> _Exercise details_
Find the line containing "6. The part" in the records below. Copy exactly that line and each one after it, ending at the line containing "q7.face_4 = needs draft", and nothing more.

> _The data_

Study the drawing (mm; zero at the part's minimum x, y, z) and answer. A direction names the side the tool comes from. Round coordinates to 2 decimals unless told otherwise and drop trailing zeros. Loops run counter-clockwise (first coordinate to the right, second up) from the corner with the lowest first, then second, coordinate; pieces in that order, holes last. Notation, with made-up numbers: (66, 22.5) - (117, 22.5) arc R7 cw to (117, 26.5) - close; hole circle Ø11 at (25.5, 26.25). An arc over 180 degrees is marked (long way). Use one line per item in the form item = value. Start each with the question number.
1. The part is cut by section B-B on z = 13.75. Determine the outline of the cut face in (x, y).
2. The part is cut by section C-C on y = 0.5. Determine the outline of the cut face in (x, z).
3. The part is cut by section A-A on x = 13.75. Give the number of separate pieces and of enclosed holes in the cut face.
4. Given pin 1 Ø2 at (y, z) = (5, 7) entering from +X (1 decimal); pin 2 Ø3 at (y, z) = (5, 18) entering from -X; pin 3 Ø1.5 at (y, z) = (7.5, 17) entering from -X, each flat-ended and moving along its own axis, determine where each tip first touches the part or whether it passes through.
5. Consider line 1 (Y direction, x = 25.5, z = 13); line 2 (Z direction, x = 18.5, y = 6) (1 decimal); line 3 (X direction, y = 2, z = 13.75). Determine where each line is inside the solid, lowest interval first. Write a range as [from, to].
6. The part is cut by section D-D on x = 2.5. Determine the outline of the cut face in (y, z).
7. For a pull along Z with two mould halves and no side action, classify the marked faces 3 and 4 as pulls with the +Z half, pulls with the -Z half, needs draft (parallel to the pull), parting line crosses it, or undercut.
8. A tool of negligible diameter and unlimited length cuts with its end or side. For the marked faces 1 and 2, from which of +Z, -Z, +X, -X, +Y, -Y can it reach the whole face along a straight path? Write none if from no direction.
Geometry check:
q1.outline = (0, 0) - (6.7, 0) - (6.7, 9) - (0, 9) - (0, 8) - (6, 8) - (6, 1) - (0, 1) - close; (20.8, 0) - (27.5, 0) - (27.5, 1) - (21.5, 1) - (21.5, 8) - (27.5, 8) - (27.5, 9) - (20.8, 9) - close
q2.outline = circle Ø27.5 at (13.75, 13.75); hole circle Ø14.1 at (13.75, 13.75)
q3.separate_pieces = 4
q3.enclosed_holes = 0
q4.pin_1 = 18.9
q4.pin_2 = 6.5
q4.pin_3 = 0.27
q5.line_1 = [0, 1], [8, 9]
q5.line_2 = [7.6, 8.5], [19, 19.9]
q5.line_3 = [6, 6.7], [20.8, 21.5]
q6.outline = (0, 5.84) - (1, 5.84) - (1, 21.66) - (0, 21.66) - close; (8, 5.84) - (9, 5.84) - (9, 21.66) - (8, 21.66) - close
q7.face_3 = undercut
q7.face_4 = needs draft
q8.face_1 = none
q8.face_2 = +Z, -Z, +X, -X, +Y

> _Output for this task_
6. The part is cut by section D-D on x = 2.5. Determine the outline of the cut face in (y, z).
7. For a pull along Z with two mould halves and no side action, classify the marked faces 3 and 4 as pulls with the +Z half, pulls with the -Z half, needs draft (parallel to the pull), parting line crosses it, or undercut.
8. A tool of negligible diameter and unlimited length cuts with its end or side. For the marked faces 1 and 2, from which of +Z, -Z, +X, -X, +Y, -Y can it reach the whole face along a straight path? Write none if from no direction.
Geometry check:
q1.outline = (0, 0) - (6.7, 0) - (6.7, 9) - (0, 9) - (0, 8) - (6, 8) - (6, 1) - (0, 1) - close; (20.8, 0) - (27.5, 0) - (27.5, 1) - (21.5, 1) - (21.5, 8) - (27.5, 8) - (27.5, 9) - (20.8, 9) - close
q2.outline = circle Ø27.5 at (13.75, 13.75); hole circle Ø14.1 at (13.75, 13.75)
q3.separate_pieces = 4
q3.enclosed_holes = 0
q4.pin_1 = 18.9
q4.pin_2 = 6.5
q4.pin_3 = 0.27
q5.line_1 = [0, 1], [8, 9]
q5.line_2 = [7.6, 8.5], [19, 19.9]
q5.line_3 = [6, 6.7], [20.8, 21.5]
q6.outline = (0, 5.84) - (1, 5.84) - (1, 21.66) - (0, 21.66) - close; (8, 5.84) - (9, 5.84) - (9, 21.66) - (8, 21.66) - close
q7.face_3 = undercut
q7.face_4 = needs draft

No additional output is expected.